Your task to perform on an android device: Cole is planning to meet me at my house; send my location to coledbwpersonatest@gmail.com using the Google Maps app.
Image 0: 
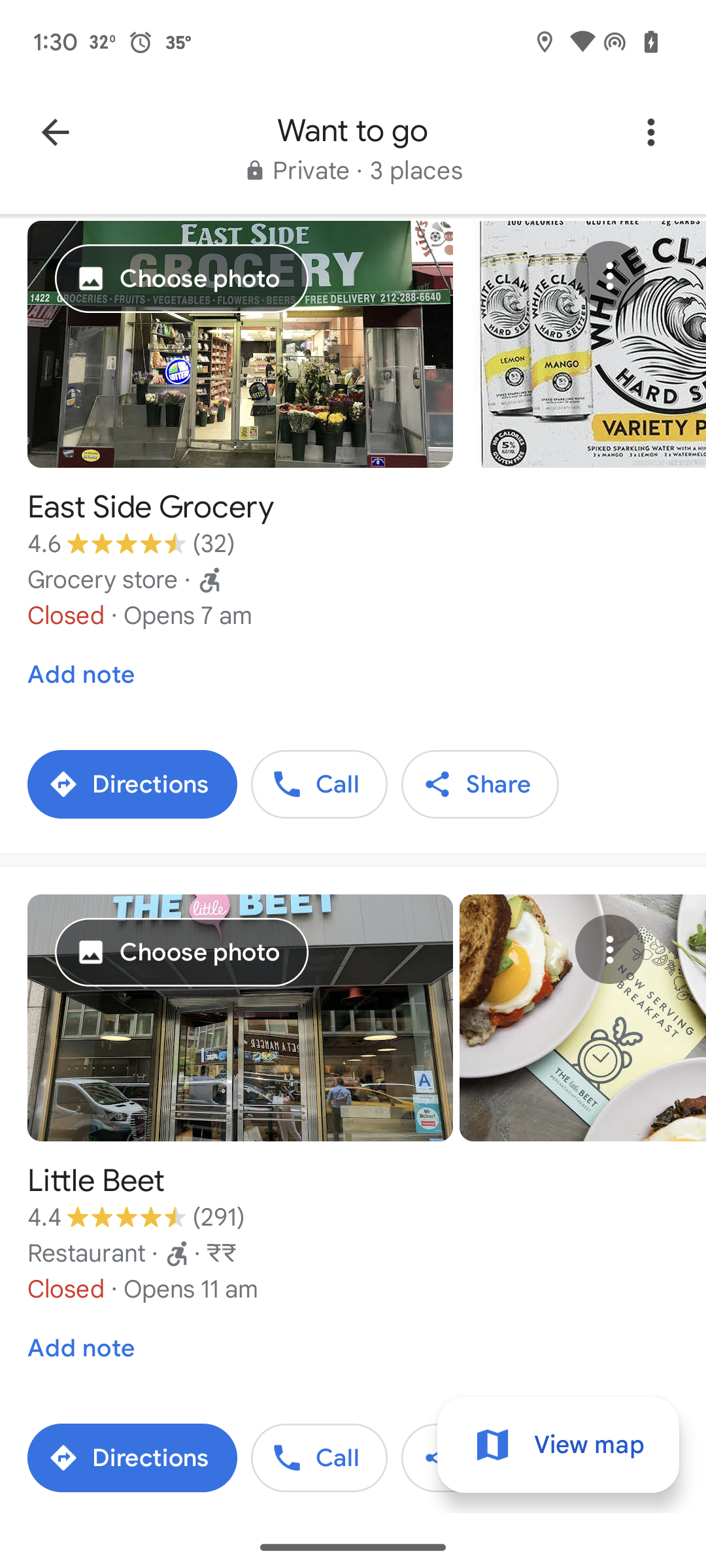
Go back to the previous screen
Step 0: press back button
Image 1: 
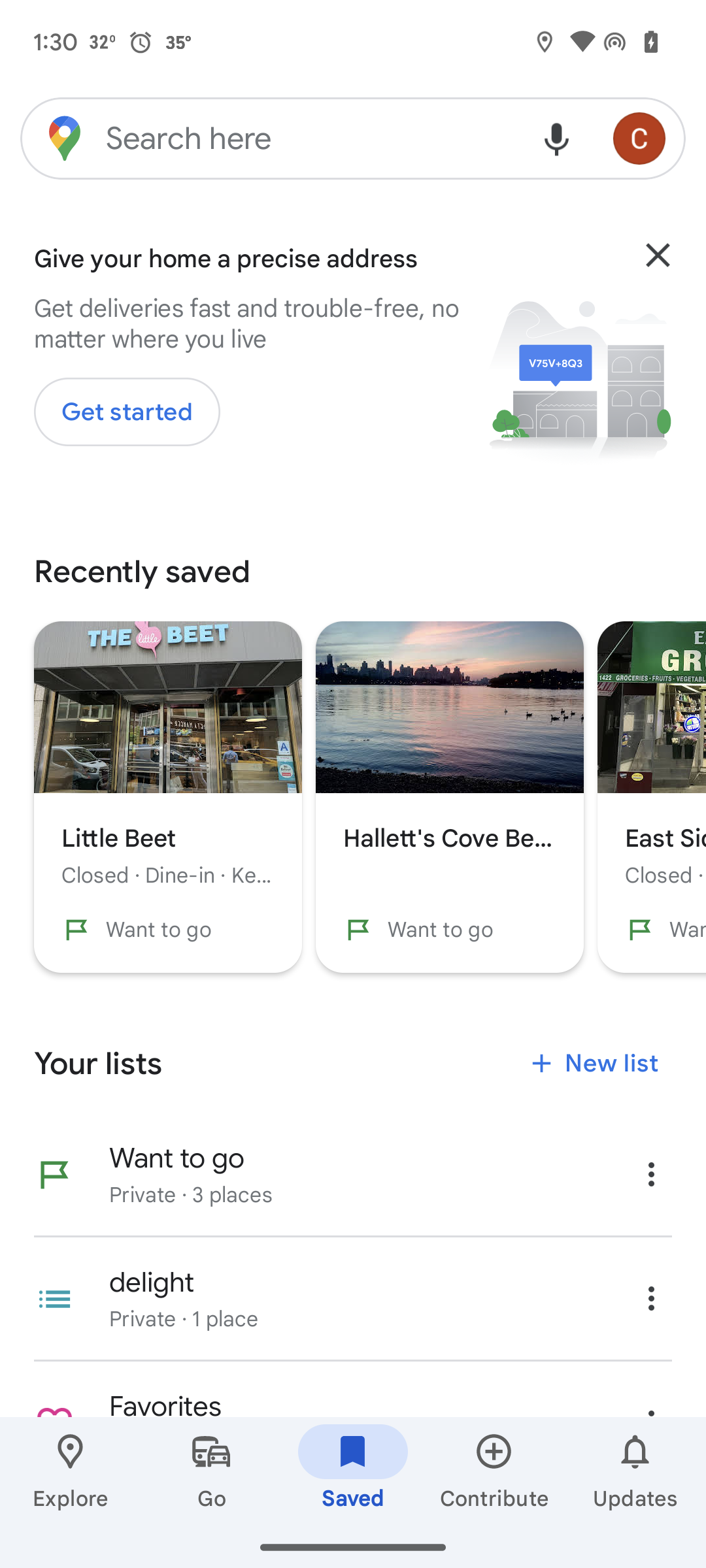
Click on the search bar the top of the screen
Step 1: click (311, 139)
Image 2: 
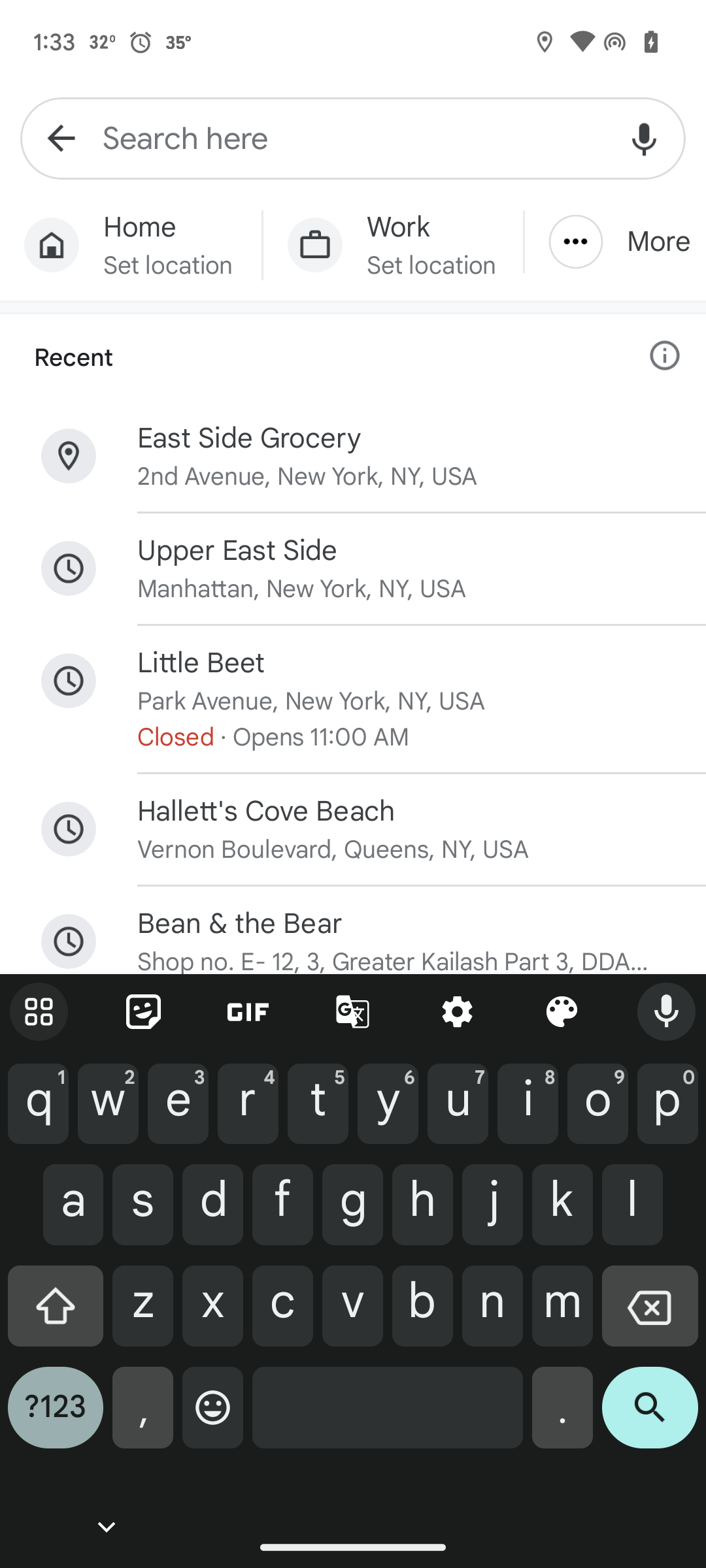
Click on the upper east side
Step 2: click (404, 551)
Image 3: 
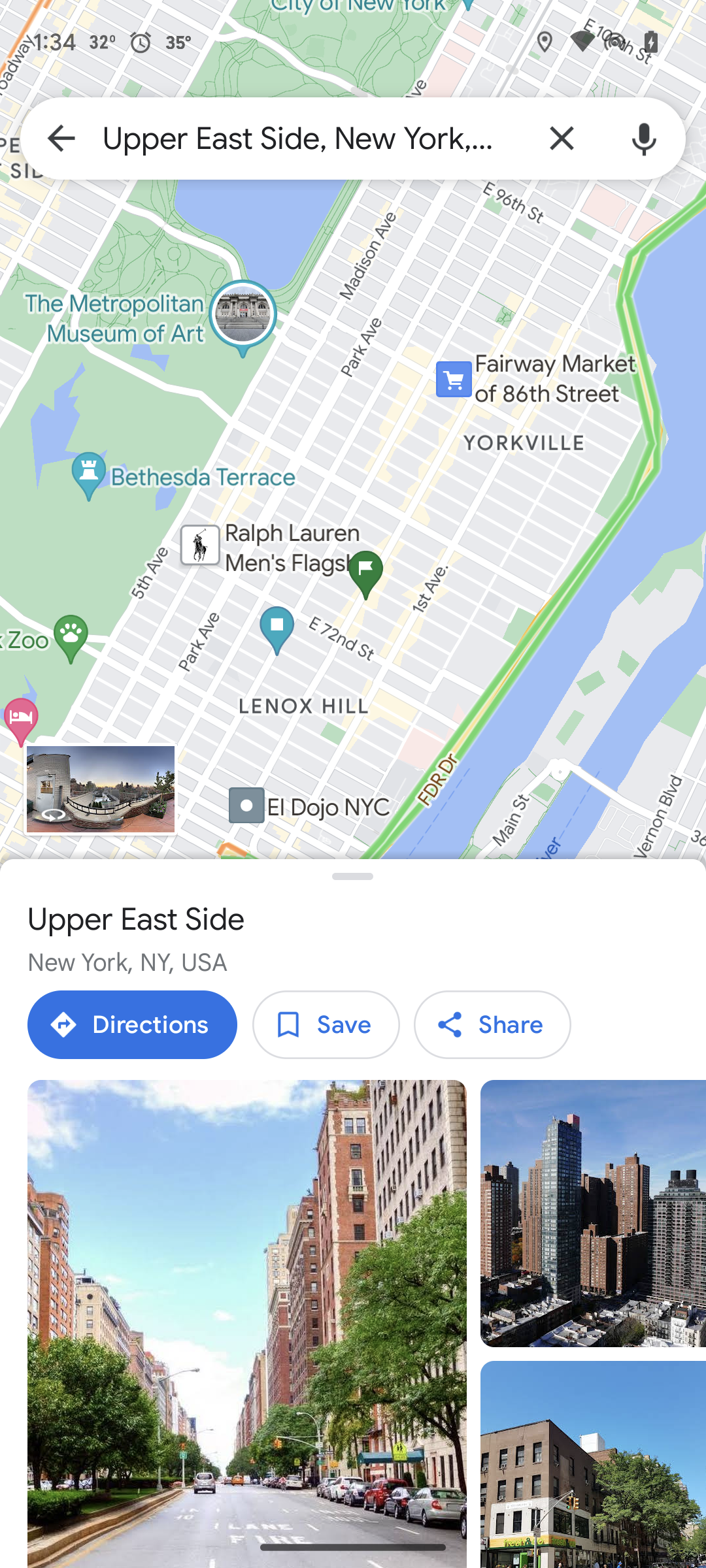
Click on the share button
Step 3: click (492, 1024)
Image 4: 
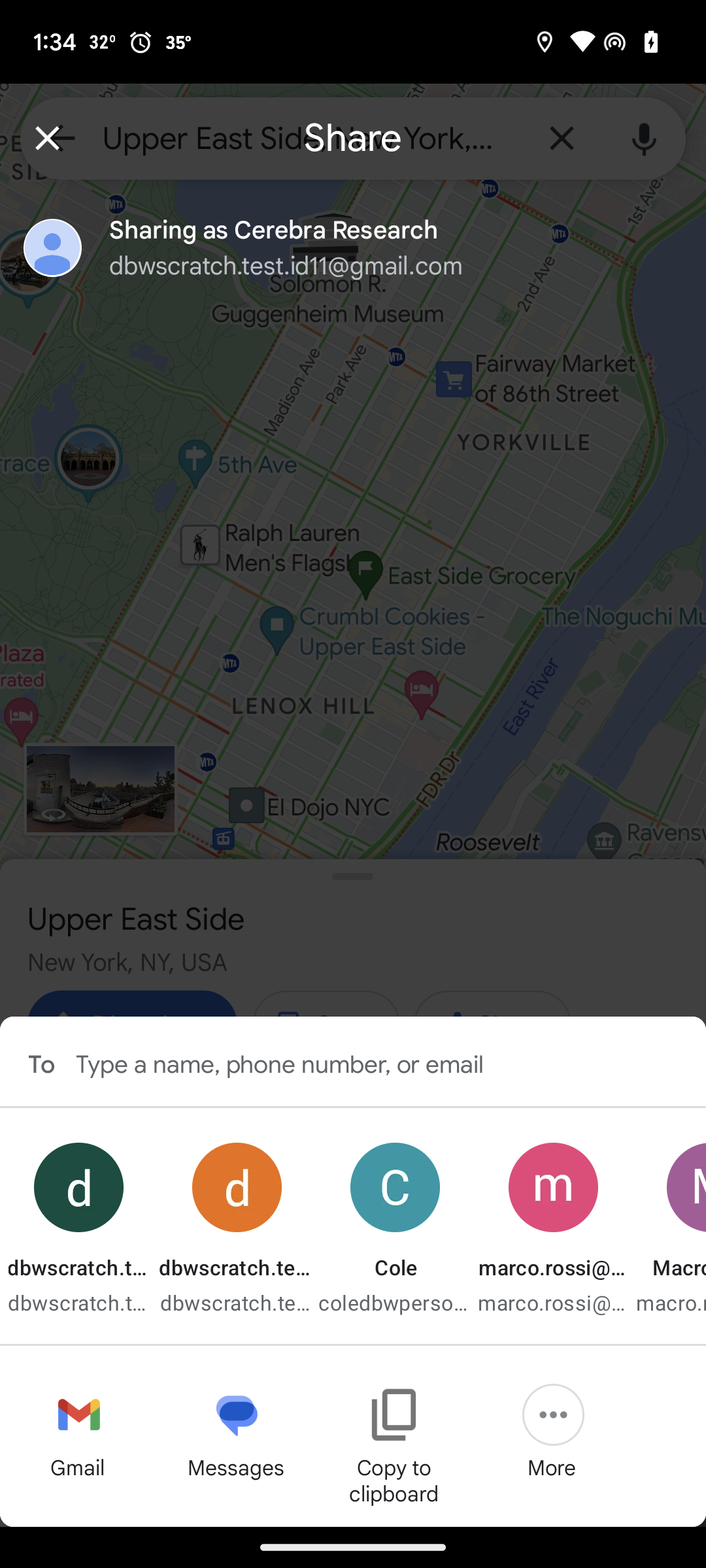
Click on the Cole
Step 4: click (395, 1267)
Image 5: 
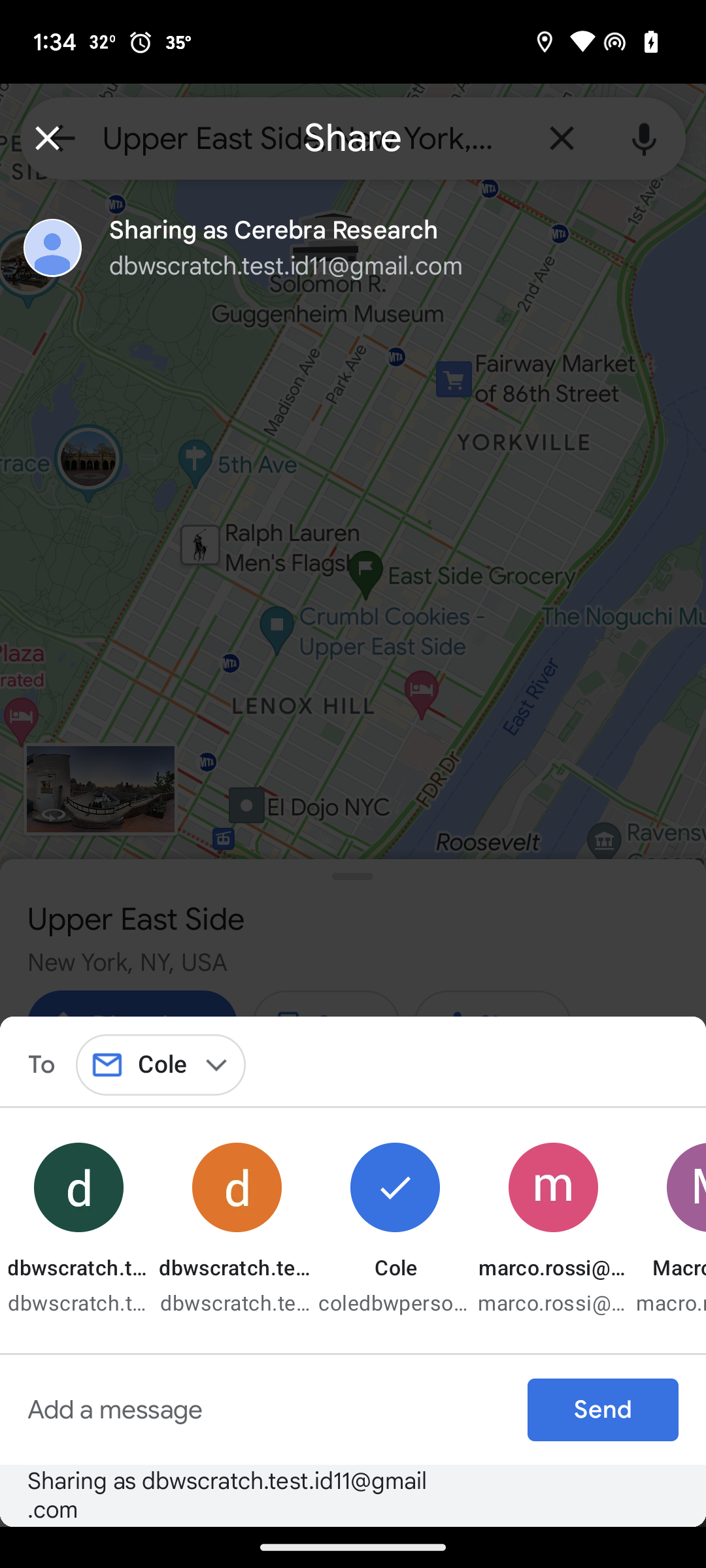
Click on the send button
Step 5: click (603, 1409)

Work task - Pictures don't belong in the copy. Retype exactly the lines from the one with "Step 4: click (395, 1267)" through the last line of the records.

Task result -
Step 4: click (395, 1267)
Image 5: 
Click on the send button
Step 5: click (603, 1409)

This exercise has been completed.